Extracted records
* * *

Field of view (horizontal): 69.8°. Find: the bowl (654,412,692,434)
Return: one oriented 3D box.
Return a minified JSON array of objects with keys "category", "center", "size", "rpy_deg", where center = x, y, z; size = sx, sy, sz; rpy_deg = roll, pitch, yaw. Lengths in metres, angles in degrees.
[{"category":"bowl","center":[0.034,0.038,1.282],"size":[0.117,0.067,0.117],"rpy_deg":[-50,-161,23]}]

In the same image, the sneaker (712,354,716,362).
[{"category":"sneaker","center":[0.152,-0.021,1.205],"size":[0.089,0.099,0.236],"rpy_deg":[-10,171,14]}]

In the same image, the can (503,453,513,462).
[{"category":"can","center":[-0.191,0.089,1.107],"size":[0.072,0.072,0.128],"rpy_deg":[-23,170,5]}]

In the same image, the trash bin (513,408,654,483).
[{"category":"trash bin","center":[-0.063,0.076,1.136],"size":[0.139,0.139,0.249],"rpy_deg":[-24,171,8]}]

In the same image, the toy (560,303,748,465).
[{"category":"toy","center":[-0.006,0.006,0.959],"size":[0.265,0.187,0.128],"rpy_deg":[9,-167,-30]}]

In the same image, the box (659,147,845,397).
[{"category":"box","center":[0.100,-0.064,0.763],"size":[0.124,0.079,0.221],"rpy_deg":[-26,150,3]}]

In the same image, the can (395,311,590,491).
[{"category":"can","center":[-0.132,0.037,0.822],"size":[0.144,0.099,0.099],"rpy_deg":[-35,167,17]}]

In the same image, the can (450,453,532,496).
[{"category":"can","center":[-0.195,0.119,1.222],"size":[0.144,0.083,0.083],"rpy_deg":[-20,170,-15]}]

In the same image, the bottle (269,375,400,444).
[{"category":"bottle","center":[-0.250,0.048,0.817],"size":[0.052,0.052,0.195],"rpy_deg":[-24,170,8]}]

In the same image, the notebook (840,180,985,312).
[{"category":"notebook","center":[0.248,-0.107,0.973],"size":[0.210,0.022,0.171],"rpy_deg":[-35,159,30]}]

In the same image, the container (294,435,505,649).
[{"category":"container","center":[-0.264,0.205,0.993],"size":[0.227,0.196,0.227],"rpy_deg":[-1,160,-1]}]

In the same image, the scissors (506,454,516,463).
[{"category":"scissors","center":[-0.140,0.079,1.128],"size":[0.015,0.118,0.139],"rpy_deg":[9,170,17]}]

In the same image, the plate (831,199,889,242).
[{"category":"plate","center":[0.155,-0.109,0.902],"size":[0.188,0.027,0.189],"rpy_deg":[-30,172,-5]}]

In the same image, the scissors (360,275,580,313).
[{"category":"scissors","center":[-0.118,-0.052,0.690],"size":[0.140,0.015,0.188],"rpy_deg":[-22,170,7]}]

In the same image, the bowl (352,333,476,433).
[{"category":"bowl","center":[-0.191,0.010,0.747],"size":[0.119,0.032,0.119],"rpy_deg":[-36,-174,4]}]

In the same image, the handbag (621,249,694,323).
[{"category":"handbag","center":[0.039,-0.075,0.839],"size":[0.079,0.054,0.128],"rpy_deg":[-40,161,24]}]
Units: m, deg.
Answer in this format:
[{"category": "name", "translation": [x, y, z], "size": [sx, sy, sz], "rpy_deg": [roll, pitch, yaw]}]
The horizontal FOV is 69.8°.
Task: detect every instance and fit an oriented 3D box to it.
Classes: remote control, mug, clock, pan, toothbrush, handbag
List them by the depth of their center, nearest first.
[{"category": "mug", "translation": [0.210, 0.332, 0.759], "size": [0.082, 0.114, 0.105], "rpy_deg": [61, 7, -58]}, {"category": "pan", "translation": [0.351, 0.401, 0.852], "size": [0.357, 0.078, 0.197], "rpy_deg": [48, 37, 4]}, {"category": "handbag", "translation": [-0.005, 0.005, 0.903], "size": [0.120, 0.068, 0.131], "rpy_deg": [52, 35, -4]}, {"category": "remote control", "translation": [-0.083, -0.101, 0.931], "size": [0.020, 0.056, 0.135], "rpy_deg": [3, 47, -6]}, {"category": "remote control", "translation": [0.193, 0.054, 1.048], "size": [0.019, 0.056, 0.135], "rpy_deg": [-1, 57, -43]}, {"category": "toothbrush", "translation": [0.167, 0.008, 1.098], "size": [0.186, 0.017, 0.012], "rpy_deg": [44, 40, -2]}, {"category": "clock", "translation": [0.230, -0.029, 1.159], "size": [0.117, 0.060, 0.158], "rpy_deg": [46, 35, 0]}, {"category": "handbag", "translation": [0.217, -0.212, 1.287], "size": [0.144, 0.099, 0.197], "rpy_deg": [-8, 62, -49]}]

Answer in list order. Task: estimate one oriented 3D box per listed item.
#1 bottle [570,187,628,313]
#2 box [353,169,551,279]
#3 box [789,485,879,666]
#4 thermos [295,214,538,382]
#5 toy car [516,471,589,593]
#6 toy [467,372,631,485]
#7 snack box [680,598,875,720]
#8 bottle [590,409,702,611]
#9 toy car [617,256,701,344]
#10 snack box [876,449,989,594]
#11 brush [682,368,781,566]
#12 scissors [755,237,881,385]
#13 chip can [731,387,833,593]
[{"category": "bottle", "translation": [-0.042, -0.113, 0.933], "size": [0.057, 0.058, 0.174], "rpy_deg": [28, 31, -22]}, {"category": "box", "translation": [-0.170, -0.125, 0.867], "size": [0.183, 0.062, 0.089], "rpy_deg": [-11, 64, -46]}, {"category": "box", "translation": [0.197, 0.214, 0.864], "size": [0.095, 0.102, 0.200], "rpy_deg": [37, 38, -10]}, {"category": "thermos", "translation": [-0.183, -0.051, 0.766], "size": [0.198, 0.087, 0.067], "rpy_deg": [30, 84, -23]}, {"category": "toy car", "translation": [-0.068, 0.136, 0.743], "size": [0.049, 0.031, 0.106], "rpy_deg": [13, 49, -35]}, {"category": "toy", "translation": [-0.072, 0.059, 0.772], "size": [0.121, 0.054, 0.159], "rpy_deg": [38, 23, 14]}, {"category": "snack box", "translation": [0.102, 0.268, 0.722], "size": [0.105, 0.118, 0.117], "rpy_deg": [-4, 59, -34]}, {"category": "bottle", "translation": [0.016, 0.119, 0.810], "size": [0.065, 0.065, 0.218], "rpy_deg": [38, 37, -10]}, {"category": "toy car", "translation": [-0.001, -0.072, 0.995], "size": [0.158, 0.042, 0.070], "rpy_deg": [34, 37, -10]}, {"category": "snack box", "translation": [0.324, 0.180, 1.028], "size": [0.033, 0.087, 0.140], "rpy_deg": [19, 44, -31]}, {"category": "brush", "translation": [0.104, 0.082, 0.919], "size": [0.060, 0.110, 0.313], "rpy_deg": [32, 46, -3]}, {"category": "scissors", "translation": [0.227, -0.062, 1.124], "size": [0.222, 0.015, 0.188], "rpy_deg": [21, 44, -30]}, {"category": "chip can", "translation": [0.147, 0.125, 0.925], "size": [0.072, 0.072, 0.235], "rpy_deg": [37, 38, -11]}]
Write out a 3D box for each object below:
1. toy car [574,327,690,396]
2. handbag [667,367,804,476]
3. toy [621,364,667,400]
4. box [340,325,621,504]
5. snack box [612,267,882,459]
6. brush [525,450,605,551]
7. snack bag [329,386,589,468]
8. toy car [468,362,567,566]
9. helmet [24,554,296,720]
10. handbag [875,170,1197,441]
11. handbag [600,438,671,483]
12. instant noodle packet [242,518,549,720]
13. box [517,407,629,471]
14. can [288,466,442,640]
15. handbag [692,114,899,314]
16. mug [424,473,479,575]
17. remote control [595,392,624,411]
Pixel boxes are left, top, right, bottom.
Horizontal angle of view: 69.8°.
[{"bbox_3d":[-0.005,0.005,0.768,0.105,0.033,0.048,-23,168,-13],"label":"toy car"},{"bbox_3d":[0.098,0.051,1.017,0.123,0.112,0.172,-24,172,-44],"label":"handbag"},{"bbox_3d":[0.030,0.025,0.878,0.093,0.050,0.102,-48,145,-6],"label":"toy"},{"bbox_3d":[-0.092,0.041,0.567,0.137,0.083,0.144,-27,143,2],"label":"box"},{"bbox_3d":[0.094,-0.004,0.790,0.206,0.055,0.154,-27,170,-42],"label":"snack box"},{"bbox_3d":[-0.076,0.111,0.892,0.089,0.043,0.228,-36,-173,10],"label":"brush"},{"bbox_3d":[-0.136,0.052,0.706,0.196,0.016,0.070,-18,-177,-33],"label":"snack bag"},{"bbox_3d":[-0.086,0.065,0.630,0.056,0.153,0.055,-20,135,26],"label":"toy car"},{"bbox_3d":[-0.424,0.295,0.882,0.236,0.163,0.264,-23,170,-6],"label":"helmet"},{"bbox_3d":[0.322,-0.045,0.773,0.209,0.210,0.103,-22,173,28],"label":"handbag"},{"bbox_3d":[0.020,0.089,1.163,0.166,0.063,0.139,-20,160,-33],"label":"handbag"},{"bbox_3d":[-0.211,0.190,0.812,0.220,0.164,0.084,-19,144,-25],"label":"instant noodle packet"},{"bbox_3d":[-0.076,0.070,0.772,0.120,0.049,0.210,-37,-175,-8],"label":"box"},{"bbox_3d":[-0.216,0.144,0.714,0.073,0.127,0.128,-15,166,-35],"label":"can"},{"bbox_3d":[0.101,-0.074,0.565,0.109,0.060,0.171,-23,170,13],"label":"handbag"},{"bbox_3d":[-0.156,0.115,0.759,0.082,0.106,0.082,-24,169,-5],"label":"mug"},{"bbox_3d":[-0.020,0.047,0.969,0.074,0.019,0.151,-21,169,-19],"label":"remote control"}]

* * *

▸ **Try it**
Each line above from the one with "15. handbag [692,114,899,314]" up to and including the one with "Pixel boxes are left, top, right, bottom." must be set down exactly, and no line outside that span may appear.

▸ **Solution for this task**
15. handbag [692,114,899,314]
16. mug [424,473,479,575]
17. remote control [595,392,624,411]
Pixel boxes are left, top, right, bottom.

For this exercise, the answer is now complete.